Most House Republicans predicted the bill would have support from more than half of their 238-member conference.

Exactly what action the Freedom Caucus would take, if any, remains to be seen, but in 2015, when it wanted to put Boehner on notice that it wanted him gone, caucus founding member Mark Meadows, now the group’s chairman, filed a motion to vacate the chair, a move challenging the speaker’s position.

The Freedom Caucus never called for a vote on the motion — it could have used a privileged resolution to force one — but the mere threat of it lingered heavy on the conference, and Boehner ultimately resigned.
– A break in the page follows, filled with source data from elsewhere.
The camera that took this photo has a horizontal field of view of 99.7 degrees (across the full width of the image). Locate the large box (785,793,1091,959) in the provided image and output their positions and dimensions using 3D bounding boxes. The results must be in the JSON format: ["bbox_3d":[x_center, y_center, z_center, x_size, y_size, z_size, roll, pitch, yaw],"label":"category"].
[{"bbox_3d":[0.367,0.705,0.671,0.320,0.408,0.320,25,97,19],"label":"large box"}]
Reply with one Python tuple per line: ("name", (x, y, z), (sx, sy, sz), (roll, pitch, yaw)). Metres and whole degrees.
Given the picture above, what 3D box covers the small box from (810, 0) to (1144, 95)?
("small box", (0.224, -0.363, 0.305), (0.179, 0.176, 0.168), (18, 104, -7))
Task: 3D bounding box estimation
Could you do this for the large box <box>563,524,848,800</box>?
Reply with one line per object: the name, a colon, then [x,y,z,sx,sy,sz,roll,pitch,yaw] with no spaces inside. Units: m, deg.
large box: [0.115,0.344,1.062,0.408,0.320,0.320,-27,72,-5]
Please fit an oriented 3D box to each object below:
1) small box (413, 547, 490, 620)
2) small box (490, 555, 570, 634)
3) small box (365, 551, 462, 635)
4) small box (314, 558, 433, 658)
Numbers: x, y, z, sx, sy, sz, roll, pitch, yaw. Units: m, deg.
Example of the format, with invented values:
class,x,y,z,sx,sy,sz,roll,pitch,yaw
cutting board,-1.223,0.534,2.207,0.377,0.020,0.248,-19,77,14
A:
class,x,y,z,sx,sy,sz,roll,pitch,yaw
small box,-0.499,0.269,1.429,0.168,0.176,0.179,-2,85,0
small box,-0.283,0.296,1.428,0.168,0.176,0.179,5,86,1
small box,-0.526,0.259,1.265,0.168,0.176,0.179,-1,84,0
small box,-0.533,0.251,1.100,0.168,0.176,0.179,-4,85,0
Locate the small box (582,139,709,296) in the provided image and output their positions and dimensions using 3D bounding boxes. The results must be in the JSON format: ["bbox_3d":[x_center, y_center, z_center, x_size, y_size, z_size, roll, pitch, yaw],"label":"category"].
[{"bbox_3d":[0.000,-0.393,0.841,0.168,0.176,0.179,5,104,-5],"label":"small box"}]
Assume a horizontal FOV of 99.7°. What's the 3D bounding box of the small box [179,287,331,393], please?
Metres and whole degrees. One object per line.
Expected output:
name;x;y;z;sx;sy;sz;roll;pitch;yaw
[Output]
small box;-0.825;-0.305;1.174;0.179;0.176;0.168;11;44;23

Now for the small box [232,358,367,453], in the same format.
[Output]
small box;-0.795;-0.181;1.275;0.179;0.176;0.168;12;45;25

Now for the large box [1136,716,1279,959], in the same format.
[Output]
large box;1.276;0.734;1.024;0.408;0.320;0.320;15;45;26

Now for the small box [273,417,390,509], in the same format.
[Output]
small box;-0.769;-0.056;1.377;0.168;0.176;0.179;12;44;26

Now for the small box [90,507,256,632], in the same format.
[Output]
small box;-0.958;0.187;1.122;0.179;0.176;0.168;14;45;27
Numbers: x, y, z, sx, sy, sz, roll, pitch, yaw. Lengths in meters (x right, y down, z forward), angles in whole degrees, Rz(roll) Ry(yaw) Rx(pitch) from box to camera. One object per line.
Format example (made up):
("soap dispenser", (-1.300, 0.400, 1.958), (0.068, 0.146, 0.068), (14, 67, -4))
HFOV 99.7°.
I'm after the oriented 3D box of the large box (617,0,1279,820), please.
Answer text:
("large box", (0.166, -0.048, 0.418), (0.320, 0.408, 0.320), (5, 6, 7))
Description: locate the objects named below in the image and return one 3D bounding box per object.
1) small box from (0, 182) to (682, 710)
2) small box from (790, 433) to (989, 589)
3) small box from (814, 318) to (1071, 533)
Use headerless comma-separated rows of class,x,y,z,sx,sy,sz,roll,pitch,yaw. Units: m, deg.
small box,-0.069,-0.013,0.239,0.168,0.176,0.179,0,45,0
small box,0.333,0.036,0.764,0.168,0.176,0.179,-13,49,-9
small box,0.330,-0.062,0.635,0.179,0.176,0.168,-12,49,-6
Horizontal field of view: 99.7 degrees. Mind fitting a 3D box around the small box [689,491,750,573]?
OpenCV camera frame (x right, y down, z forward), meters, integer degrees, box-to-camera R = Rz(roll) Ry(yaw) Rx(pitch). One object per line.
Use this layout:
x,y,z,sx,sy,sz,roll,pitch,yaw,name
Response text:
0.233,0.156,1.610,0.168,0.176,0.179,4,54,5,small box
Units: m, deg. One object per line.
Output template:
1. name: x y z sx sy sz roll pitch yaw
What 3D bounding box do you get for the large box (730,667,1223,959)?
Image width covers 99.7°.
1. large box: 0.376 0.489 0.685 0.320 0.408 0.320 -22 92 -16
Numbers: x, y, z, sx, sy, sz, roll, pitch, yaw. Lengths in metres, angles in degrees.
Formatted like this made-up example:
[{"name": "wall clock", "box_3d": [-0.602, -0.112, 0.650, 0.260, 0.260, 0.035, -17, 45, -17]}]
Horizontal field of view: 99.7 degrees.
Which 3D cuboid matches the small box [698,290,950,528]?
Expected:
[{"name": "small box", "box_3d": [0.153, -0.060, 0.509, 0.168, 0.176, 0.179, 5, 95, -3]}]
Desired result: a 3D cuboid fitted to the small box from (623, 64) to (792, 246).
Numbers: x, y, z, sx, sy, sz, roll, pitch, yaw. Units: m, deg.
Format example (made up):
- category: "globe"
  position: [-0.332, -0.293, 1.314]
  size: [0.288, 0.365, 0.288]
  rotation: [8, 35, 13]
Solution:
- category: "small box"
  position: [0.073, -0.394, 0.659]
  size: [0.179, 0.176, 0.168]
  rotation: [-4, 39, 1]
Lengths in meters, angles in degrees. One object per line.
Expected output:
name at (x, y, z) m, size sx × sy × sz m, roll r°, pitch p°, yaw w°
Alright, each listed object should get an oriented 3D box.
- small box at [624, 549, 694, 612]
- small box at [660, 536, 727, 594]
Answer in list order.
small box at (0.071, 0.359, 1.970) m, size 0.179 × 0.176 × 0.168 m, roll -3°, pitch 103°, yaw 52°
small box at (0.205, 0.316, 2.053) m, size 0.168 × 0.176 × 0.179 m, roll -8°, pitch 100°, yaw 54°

While a vote to remove him would have assuredly failed, Boehner was concerned about the impact it would have on the institution.

On his way out, Boehner negotiated a massive budget deal to raise sequestration spending caps and suspend the debt ceiling, the same parameters Ryan agreed to in the deal announced Wednesday.

“This is worse than what Boehner did,” Freedom Caucus member Justin Amash of Michigan said. “Boehner’s deal was $80 billion. This is $300 billion.”

Labrador, although seeing immigration as a tipping point, said there was “a lot of disappointment” over the spending deal but he doesn’t believe there would be backlash against Ryan for it.

“We’re often disappointed,” he said.

Amash disagreed on the prospect of backlash, saying, “I think there should be.”

Told it appeared the two had a difference of agreement, Labrador said, “Maybe there’s just a difference of diplomacy.”

Notably, Labrador and Amash were on their way to the Tortilla Coast restaurant, where they met up with Jordan and perhaps a few other Freedom Caucus members. They said it was an informal lunch, and not a caucus meeting, but the group has a history of plotting bold moves — like the 2013 government shutdown over the health care law — at the Tex-Mex eatery a block away from the Capitol complex.